3D printing technology has been making waves in various industries, and now it's taking on a new challenge: creating materials that can resist fungal growth while also providing vibration isolation. Researchers from Jiangnan University and Jiangda Vibration Isolator Co., Ltd. have developed a 3D-printed silicone rubber lattice that not only fights off fungi but also absorbs vibrations and withstands repeated compression in marine environments. This innovative material is a game-changer for shipborne equipment and other systems exposed to humidity, temperature variations, and persistent vibrations.
The key to this breakthrough lies in the careful formulation of a printable composite ink using silicone rubber and hexagonal boron nitride (hBN). By controlling the composition and internal geometry through additive manufacturing, the researchers were able to create a lattice with ordered filaments and stable interlayer bonding. The processing limit of 1-5 wt% hBN in the ink ensures both printability and antifungal performance, striking a delicate balance that is often challenging to achieve.
In antifungal testing, the hBN-filled lattice demonstrated impressive results. It inhibited fungal growth more effectively as the filler content increased, with a 5 wt% hBN concentration achieving a fungal growth rating of 0, indicating no observable fungal growth. The lattice's architecture also played a crucial role, as larger filament spacing increased fungal coverage, especially at lower filler loadings. This finding highlights the importance of design considerations in achieving optimal antifungal performance.
The antifungal properties of the lattice can be attributed to two main factors. Firstly, hBN increased surface hydrophobicity, making the material more water-repellent and reducing fungal spore penetration. Secondly, microscopy data revealed biochemical and physical damage at the fungus-material interface, with the presence of reactive oxygen species and disrupted hyphal surfaces. This dual mechanism of hydrophobic barrier and direct antifungal activity through oxidative stress and cell-wall damage is a significant contribution to the field.
Beyond antifungal resistance, the lattice also excels in vibration isolation. Mechanical testing showed that the lattice architecture functions as a cushioning structure, absorbing energy through elastic buckling in the ordered lattice cells.
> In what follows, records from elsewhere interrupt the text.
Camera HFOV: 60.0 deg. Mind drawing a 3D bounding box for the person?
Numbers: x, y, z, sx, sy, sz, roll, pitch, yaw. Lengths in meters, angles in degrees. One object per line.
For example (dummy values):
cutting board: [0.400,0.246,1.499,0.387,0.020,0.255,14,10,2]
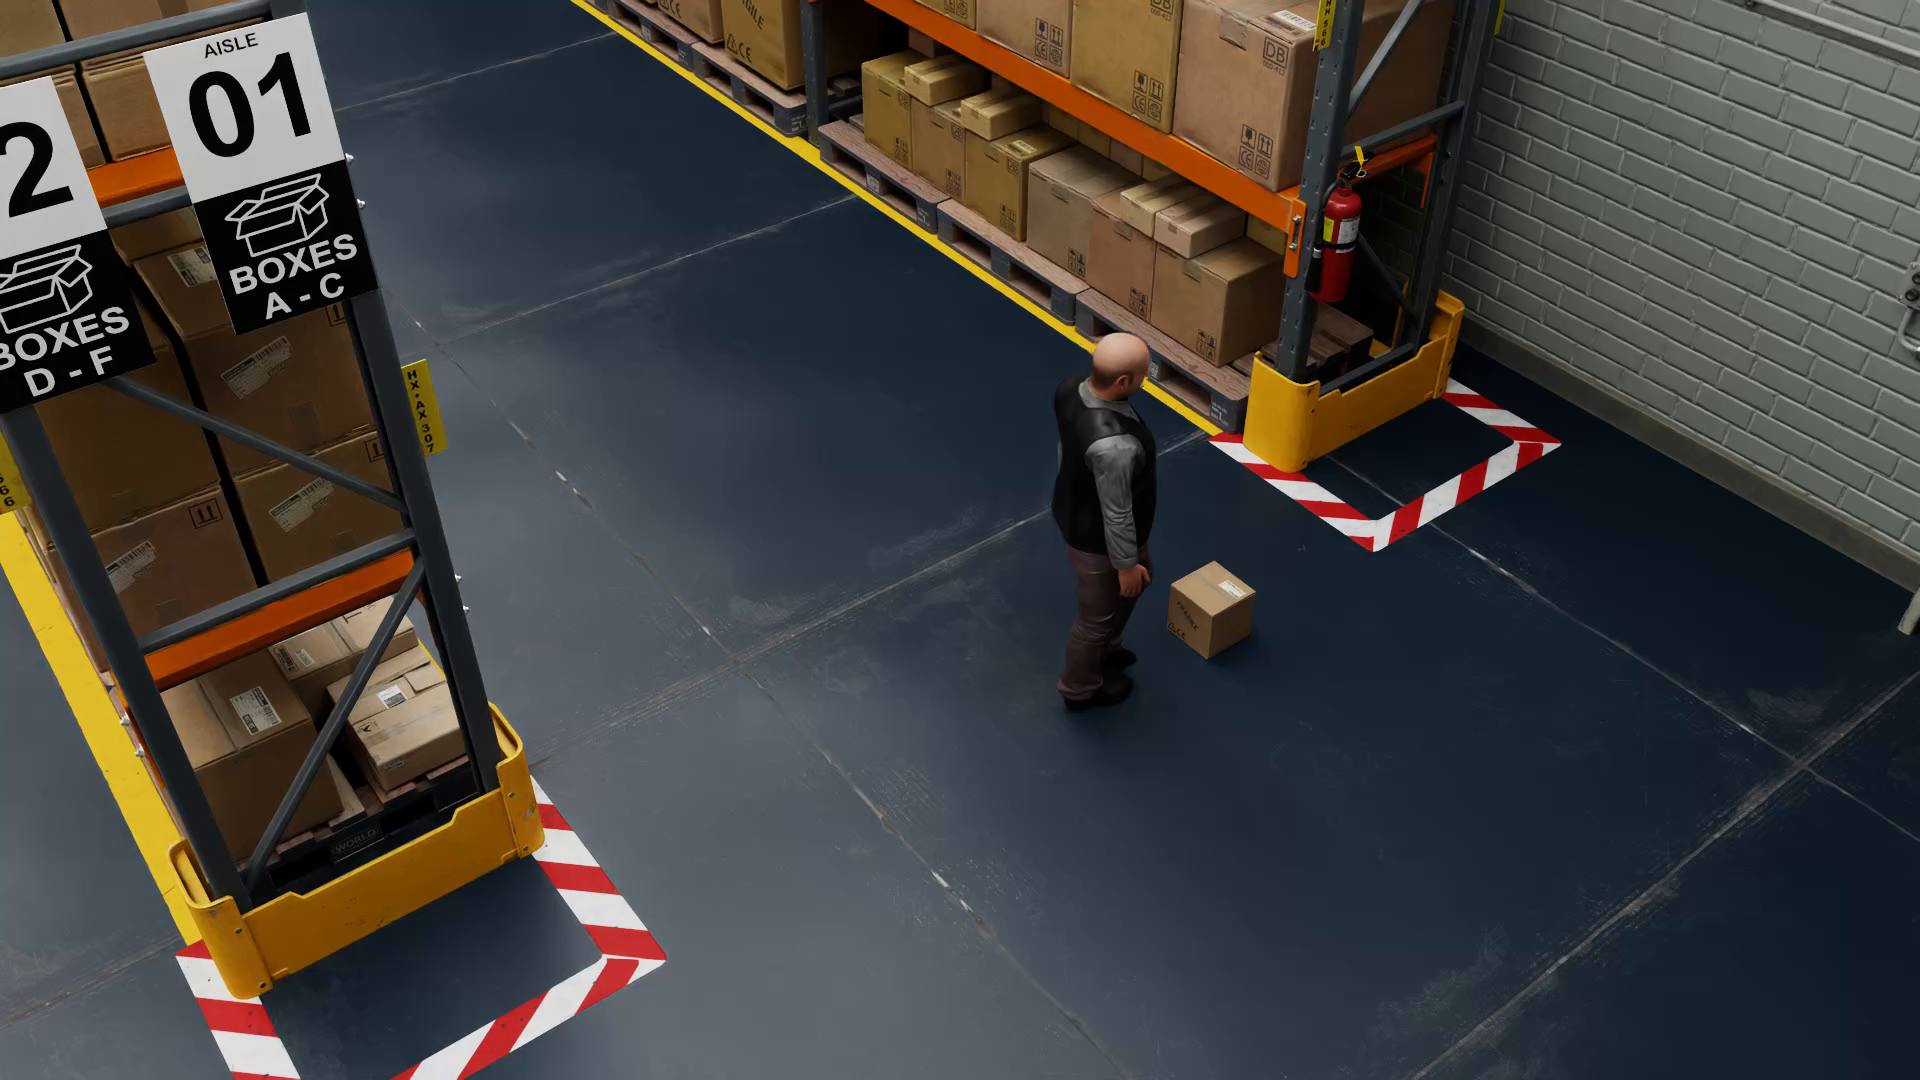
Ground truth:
person: [0.576,-0.018,6.222,0.439,1.771,0.564,-7,41,-8]

Finite element simulations and in situ observations supported this mechanism, and the lattice retained its durability under repeated loading, with no structural defects observed after 10,000 compression-release cycles.
Vibration tests further showcased the lattice's effectiveness in vibration isolation. Introducing the lattice shifted the isolation frequency leftward, widening the effective vibration-isolation range. Random vibration tests produced direction-dependent results, with isolation efficiencies above 80% across all three directions tested. Even after exposure to fungi in a carbon-rich medium, the vibration-isolation performance remained largely unchanged.
This groundbreaking research, titled "Antifungal and cushioning elastomer lattices via additive manufacturing," combines antifungal protection and mechanical performance in a single printed structure. By addressing the trade-off between fungal resistance and flexibility, the researchers have opened up new possibilities for shipborne equipment and other applications exposed to harsh environmental conditions. The potential implications are far-reaching, and the 3D printing industry is poised to play a pivotal role in shaping the future of additive manufacturing.